GNOME Bugzilla – Bug 615777
Gnumeric mangles dates from Excel .xlsx files
Last modified: 2010-04-15 04:42:38 UTC
Created attachment 158750 [details] Spreadsheet showing the problem I've been given an excel file in .xlsx format, and some dates are off by about four years. See the attached file: on worksheet 1 (Soil sample), cells D3:D28; the dates should be in 2007, but instead appear as 2003. Oddly enough, the dates on worksheet 2 (DW-Extraction-Quantification), cells G2:I29 have the correct year. Opening the file with Openoffice 3.1.1 gives the correct dates. This is on a Fedora 11 system, which is kept up-to-date with yum nightly. The rpm is gnumeric-1.8.4-5.fc11.i586.rpm.

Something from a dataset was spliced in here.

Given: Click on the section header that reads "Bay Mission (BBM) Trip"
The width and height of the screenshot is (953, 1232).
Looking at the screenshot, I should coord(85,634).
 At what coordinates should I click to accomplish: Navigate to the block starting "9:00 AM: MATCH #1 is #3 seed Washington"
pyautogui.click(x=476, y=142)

Are you sure that Openoffice gives the correct dates? With OOo 3.1.1 I see: on "Soil Samples" D3: 22/10/2007 on "...Extraction..." G2: 11-Aug-11 while current Gnumeric yields: on "Soil Samples" D3: 10-21-03 on "...Extraction..." G2: 21-Aug-07 In both sstems the serial numbers of those cells are 37915 and 39315 respectively. So the difference is the null date (ie. the date with serial number 0.) Considering that the file really stores the serial numbers and I suspect that these dates are supposed to be in th e2007, Excel appears to use different null dates on different sheets (perhaps these sheets originated on different machines.) OOo uses a null date for these files of 1994/1/1 while gnumeric uses a null date of 1899/12/31 with a skip of 1 after 1900/2/28. Note that by default OOo uses a null date of 1899/12/30 but adjusts it for these files. Gnumeric's adjustment is not triggered.

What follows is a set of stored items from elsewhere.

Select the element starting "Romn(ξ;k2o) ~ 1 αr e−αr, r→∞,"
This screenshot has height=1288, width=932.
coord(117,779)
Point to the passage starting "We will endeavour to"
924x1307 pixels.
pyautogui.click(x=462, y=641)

Note that rather than 11-Aug-11 it should have been 22-Aug-11. If I open this file in Excel 2007 I get the same dates as OOo. Are those 2011 dates correct?

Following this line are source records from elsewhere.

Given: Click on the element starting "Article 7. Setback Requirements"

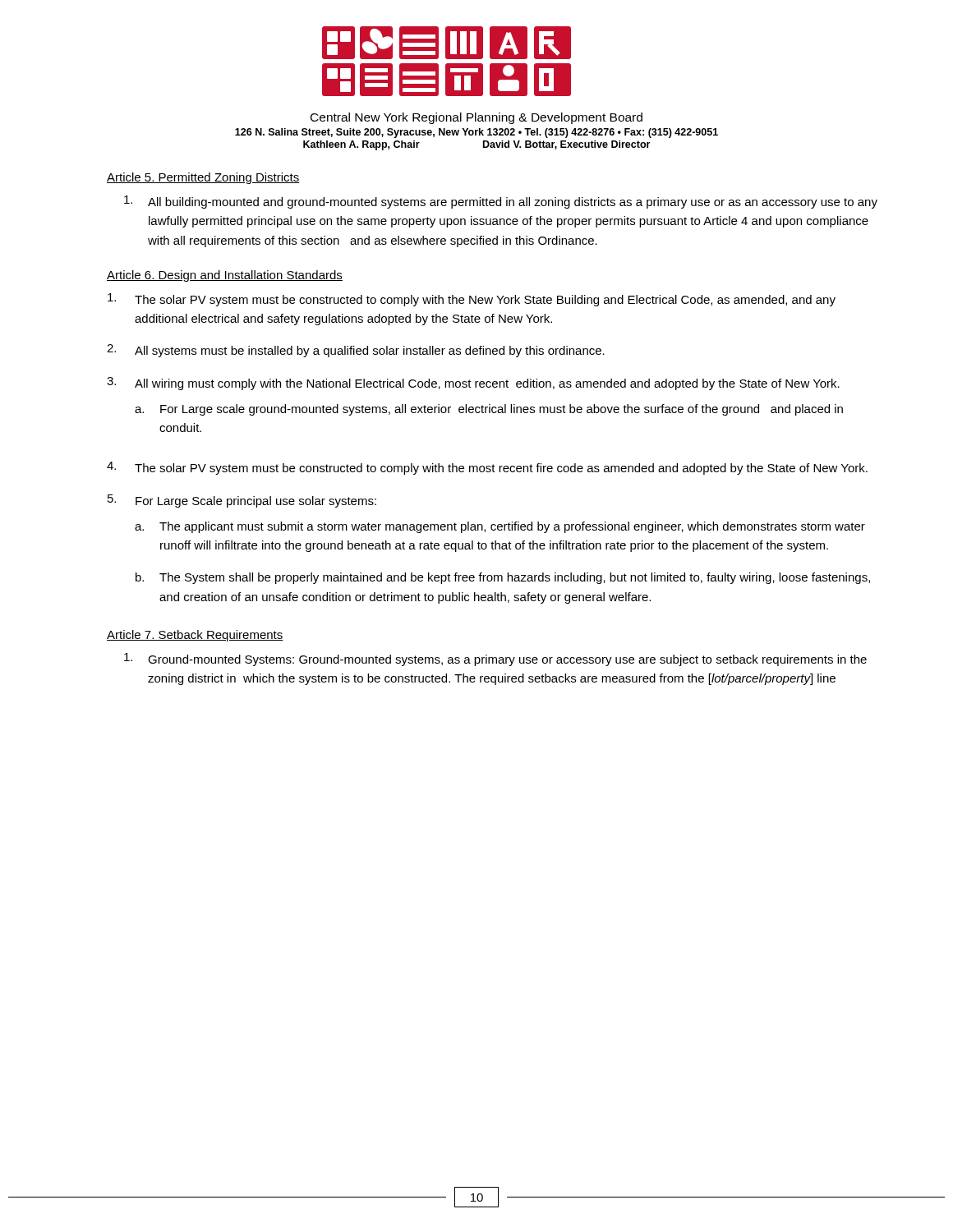Looking at the screenshot, I should pyautogui.click(x=195, y=634).
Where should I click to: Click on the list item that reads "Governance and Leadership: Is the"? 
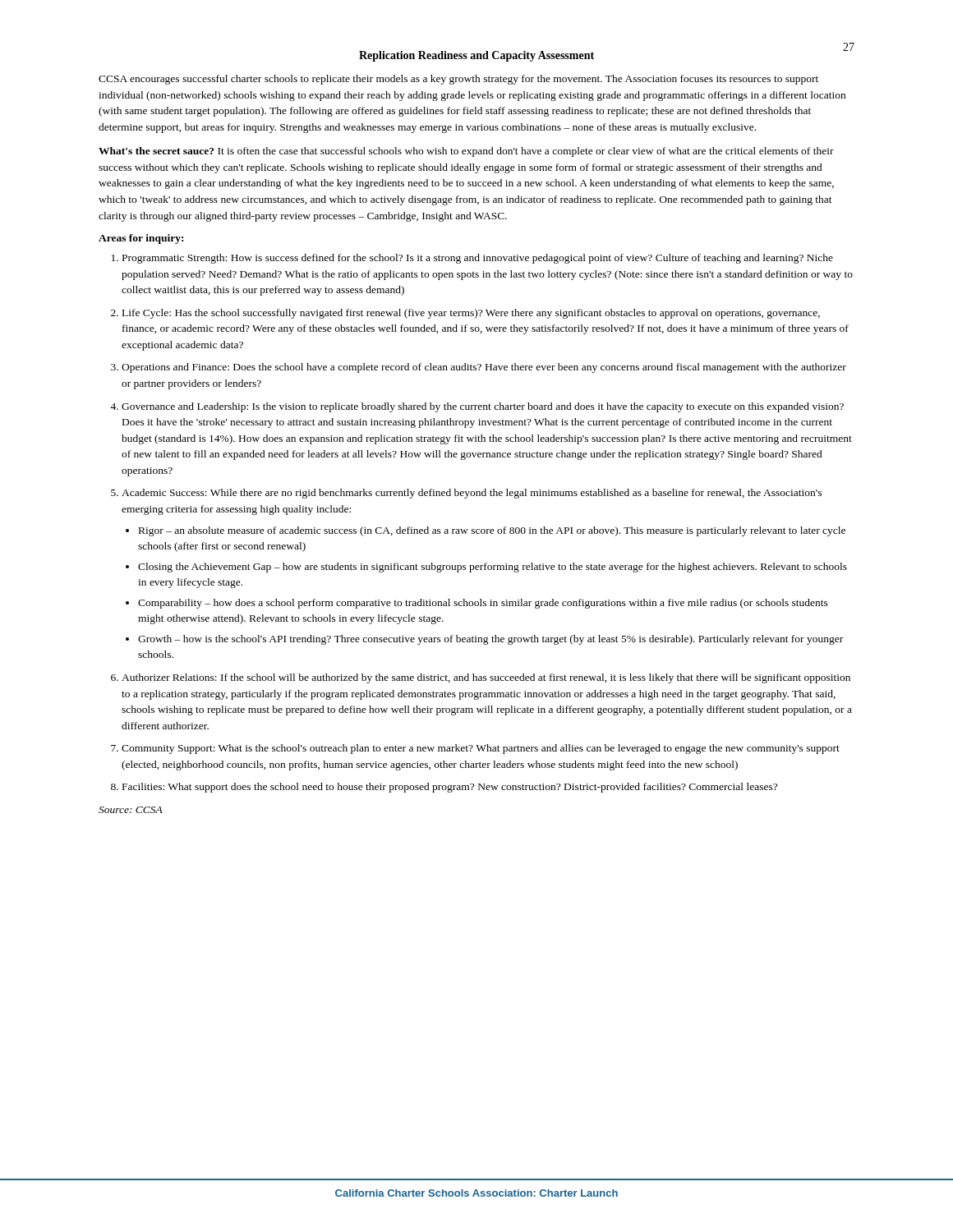(x=487, y=438)
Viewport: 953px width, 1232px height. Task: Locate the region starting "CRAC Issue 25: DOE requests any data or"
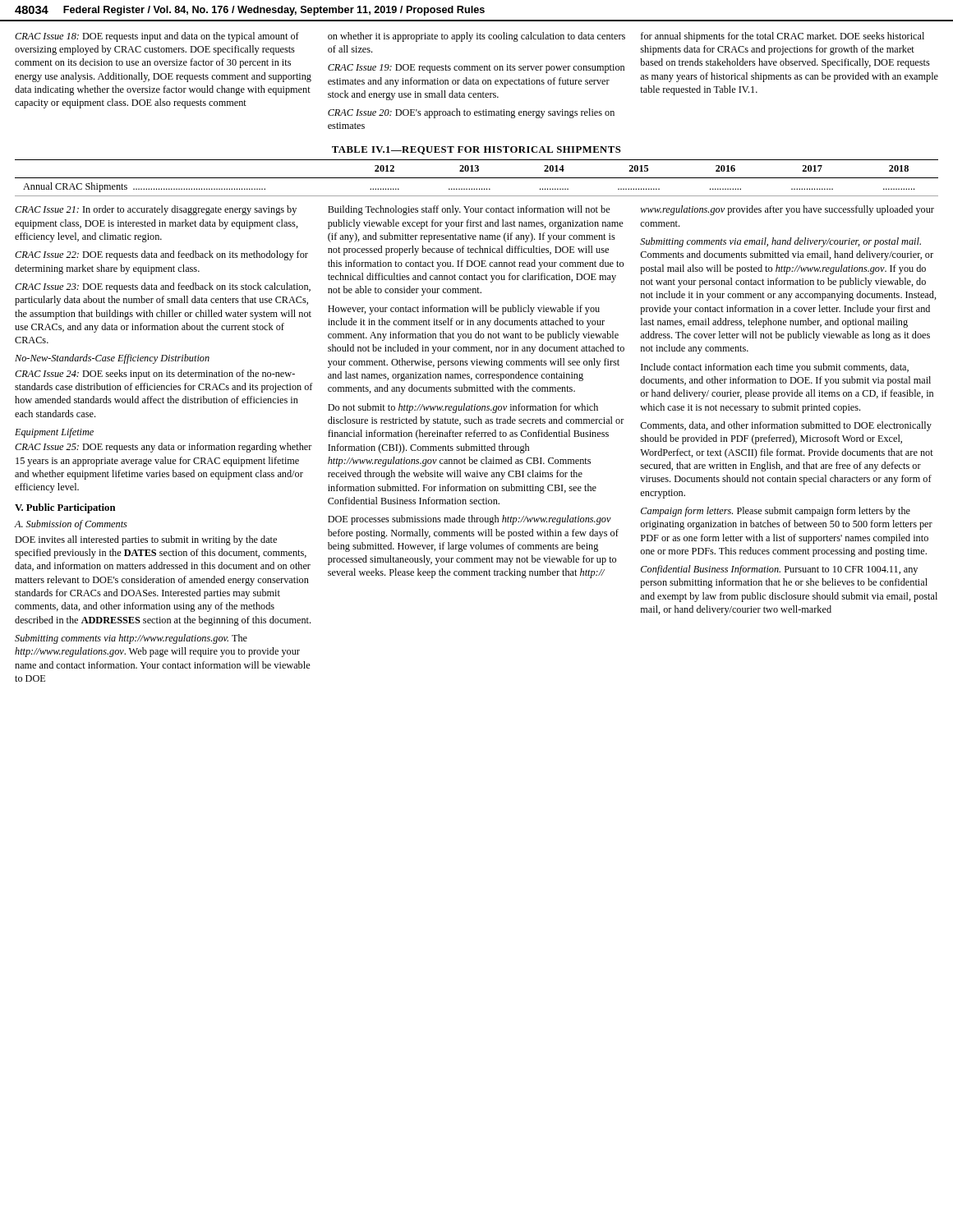164,467

To cite from the "Open Office XML" standard: " 3.16.9.1 Date Representation (...) There are two different bases for serial values: In the 1900 date base system, the lower limit is January 1, 1900, which has serial value 1. The upper-limit is December 31, 9999, which has serial value 2,958,465. In the 1904 date base system, the lower limit is January 1, 1904, which has serial value 0. The upper-limit is December 31, 9999, which has serial value 2,957,003. As to which date base system an implementation uses by default or whether it allows its users to switch between date base systems, is unspecified. " So unless there is some specification in the file of which date system is used (which I haven't found yet), this should be considered an "Open Office XML" bug.
Okay: Part 4/3.2.28 of "Open Office XML" gives a workbook property: date1904 (Date 1904) which defaults to FALSE. If it is set to TRUE we should interpret serial numbers relative to 1904/1/1. We apparently are ignoring this setting for this document.
This problem has been fixed in the development version. The fix will be available in the next major software release. Thank you for your bug report.